# Available records
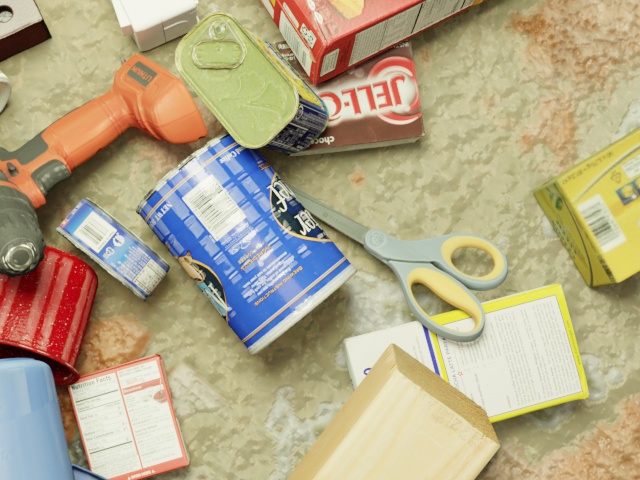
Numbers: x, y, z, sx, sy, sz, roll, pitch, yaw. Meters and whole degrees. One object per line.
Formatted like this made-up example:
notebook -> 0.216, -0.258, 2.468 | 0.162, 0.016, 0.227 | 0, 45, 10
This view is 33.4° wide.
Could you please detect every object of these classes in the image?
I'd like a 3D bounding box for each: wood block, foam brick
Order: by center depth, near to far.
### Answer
wood block -> 0.026, 0.187, 0.763 | 0.090, 0.091, 0.206 | 36, 98, -3
foam brick -> -0.252, -0.188, 0.831 | 0.053, 0.051, 0.078 | -27, 87, -7

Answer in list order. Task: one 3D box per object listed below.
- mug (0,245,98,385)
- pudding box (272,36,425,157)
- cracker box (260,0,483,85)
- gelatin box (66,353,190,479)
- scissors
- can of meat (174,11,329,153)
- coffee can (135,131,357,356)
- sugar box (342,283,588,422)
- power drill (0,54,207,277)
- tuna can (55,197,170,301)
mug -> -0.222, 0.055, 0.793 | 0.117, 0.093, 0.081 | -9, 58, 37
pudding box -> 0.021, -0.118, 0.853 | 0.113, 0.039, 0.090 | -8, 85, -5
cracker box -> 0.046, -0.243, 0.828 | 0.213, 0.072, 0.164 | -29, 78, -14
gelatin box -> -0.147, 0.139, 0.818 | 0.073, 0.030, 0.089 | -16, 85, -5
scissors -> 0.063, -0.005, 0.839 | 0.096, 0.016, 0.202 | -38, 70, -18
can of meat -> -0.047, -0.113, 0.789 | 0.057, 0.083, 0.102 | -43, 77, 13
coffee can -> -0.055, 0.001, 0.803 | 0.102, 0.103, 0.140 | -39, 88, -7
sugar box -> 0.112, 0.100, 0.836 | 0.176, 0.048, 0.093 | -14, 85, -2
power drill -> -0.179, -0.058, 0.773 | 0.187, 0.185, 0.057 | -32, 125, -14
tuna can -> -0.155, 0.006, 0.803 | 0.086, 0.086, 0.033 | 39, 81, 0
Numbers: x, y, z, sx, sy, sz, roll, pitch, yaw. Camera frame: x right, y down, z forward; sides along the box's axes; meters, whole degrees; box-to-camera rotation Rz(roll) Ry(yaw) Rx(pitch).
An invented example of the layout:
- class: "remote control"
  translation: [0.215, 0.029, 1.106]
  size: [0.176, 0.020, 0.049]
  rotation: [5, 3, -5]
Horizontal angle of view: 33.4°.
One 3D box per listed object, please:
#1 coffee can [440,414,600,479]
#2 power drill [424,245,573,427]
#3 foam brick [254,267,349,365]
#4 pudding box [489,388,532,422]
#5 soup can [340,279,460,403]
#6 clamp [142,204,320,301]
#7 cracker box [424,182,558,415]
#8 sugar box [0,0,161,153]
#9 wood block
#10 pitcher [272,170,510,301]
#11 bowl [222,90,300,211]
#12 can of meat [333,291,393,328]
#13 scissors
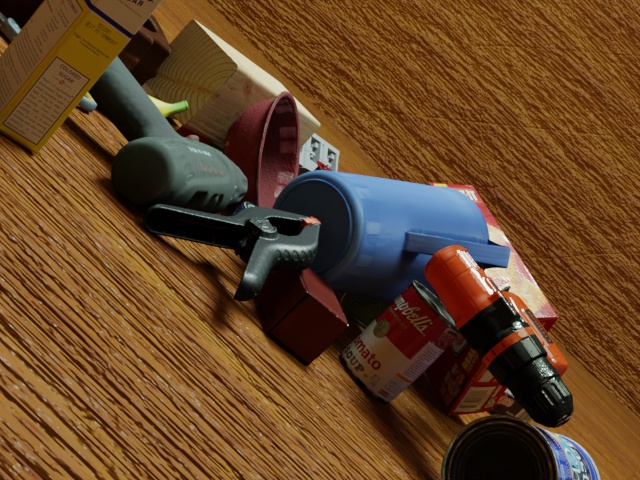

# Assignment
Take every line above carrying "example" and return it.

# Your solution
Formatted like this made-up example:
An invented example of the layout:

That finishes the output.